Crypto-mining thieves reportedly took over the digital currency platforms and proceeded to claw whatever they could from user accounts, capturing tens of millions of dollars' worth of Bitcoin Gold, Verge and Monacoin.
The real-life heist occurred just days after a similar fictitious one was depicted on an episode of Silicon Valley. Known as a "51 percent" attack, a grouping of crypto miners on the show collectively seized control of a crypto platform and proceeded to rob it blind.
At the time when the episode aired, 51 percent attacks were believed to be merely theoretical – a far-fetched possibility that could one day strike the crypto world. But when one occurred just a few days later, it revealed the true vulnerability of the crypto world. (Related: Wall Street Journal confirms Bitcoin is a bust.)
The way it works is that, similar to more popular cryptocurrencies like Bitcoin and Ethereum, the three aforementioned cryptos are verified by the larger crypto-owning community. Thousands or even millions of computers worldwide essentially independently verify the movement of each crypto blockchain, tracking and updating the distributed ledgers that basically keep track of the total amount of digital money that's present.
During a 51 percent attack, however, this independent, open-source model is replaced by a smaller grouping of malicious users who essentially hijack the majority of the network's total computing power – hence the 51 percent – in order to redirect other people's online funds into their own accounts.
In essence, by capturing a majority of the network, hackers are able to forge transactions in their own favor. This includes giving them the power to spend the same coins twice, for instance, completely undermining the integrity of the blockchain network.
"In cryptocurrencies, the longest chain of transactions becomes 'the' blockchain that describes the current state of the system," explains Motherboard.Vice.com. "Malicious miners can take advantage of this if they control the majority of the network's computer power. A miner that achieves this can privately mine blocks at a pace that overtakes the original blockchain, essentially creating a fork."
Researchers familiar with how cryptos work have long warned that such attacks are a theoretical possibility. When two attacks of this nature occurred to smaller and more unknown cryptocurrencies back in 2016, this theoretical possibility became an actual possibility – especially for the major cryptos like Bitcoin and Ethereum.
The reason nobody's been concerned since about a 51 percent attack on a major crypto network is that it's much more difficult, if not impossible, to hijack a blockchain of any notable size. One would need an inordinate amount of computing power – enough to fill multiple large, dedicated warehouses full of servers. It would also be prohibitively expensive to hijack, say, the Bitcoin network, because its market cap has reached the hundreds of billions.
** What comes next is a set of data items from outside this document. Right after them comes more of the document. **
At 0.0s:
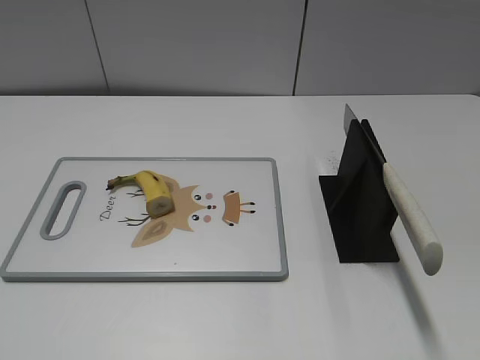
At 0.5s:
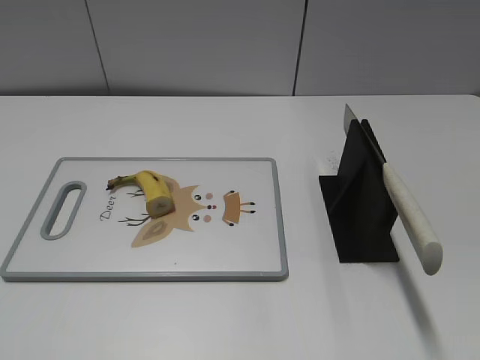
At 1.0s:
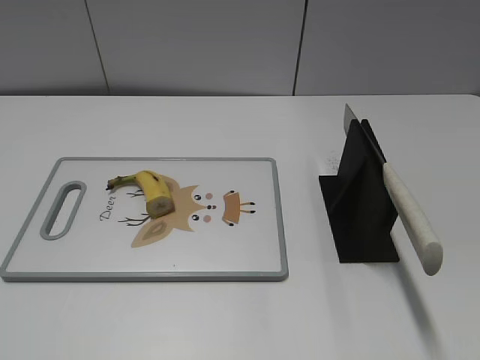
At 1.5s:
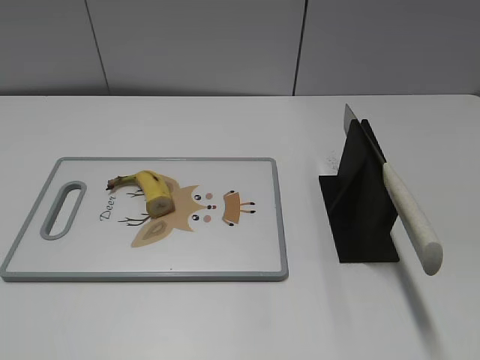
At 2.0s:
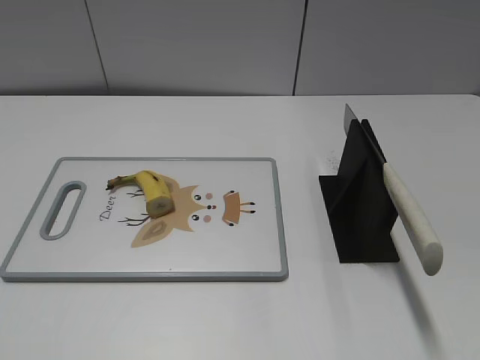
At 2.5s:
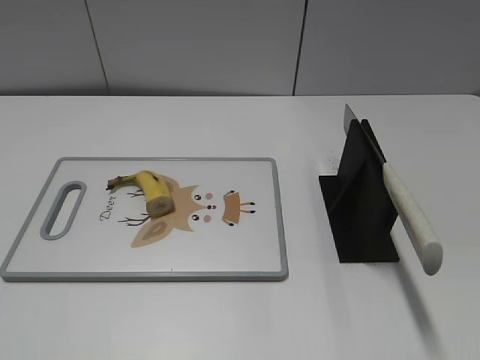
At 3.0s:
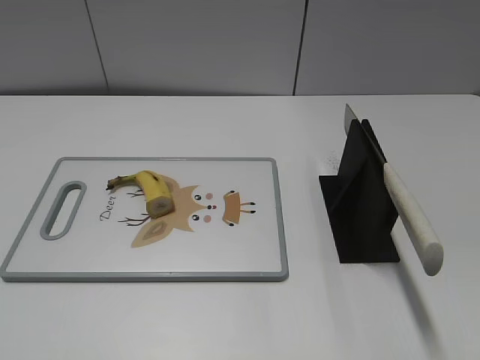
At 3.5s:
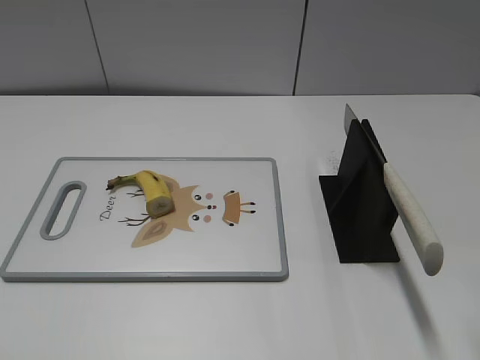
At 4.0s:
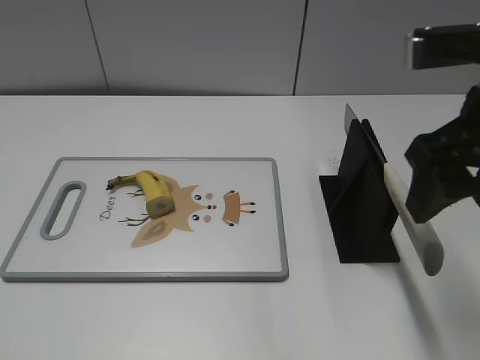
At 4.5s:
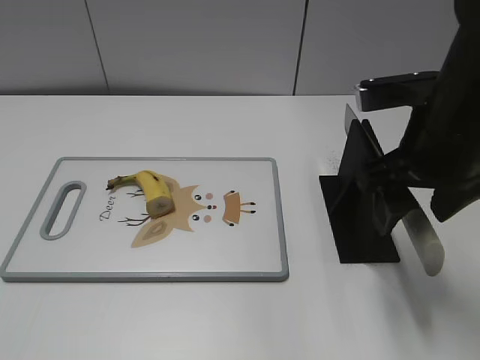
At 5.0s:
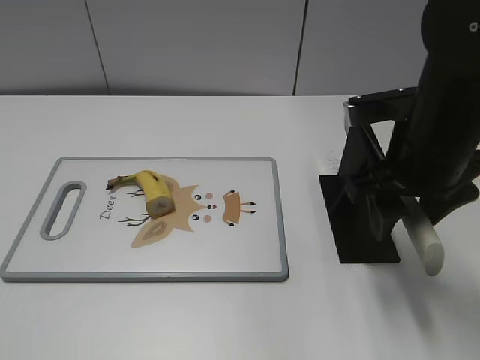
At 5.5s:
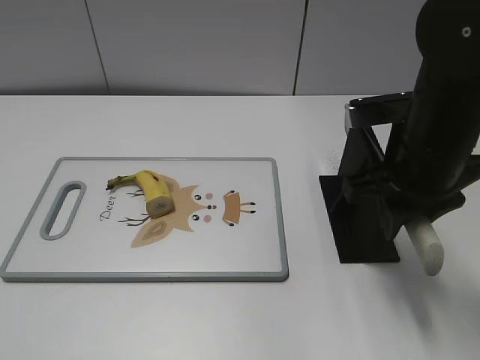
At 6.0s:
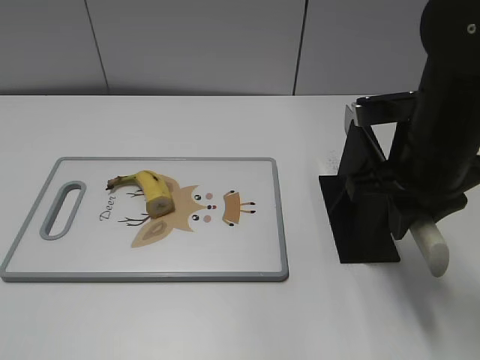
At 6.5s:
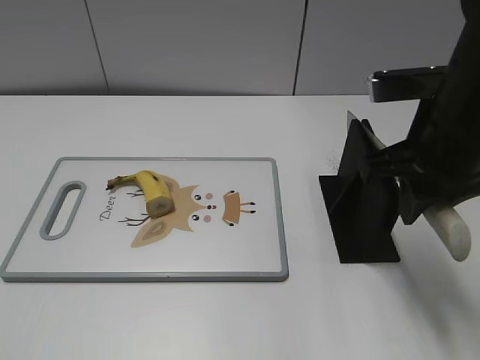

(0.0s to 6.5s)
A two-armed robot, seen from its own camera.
Task of the whole recording: cut banana.
2.0s - 4.5s: The right gripper moves forward and to the left, some 30 cm.
4.5s - 6.5s: The right gripper closes up.

Another disincentive is the fact that performing such a heist on a major crypto could destroy its value, which would make it essentially worthless for the hackers trying to steal it. Still, there are concerns among some that the Wild West of online cryptocurrency is on the verge of becoming even wilder.
"In the past, miners have been quite docile and compliant, partly because they lacked the technical sophistication to launch attacks, and partly because there weren't that many options on which coins to attack," says Emin Gün Sirer, an assistant professor researching distributed systems at Cornell University. "We are now beginning to see miners act more strategically."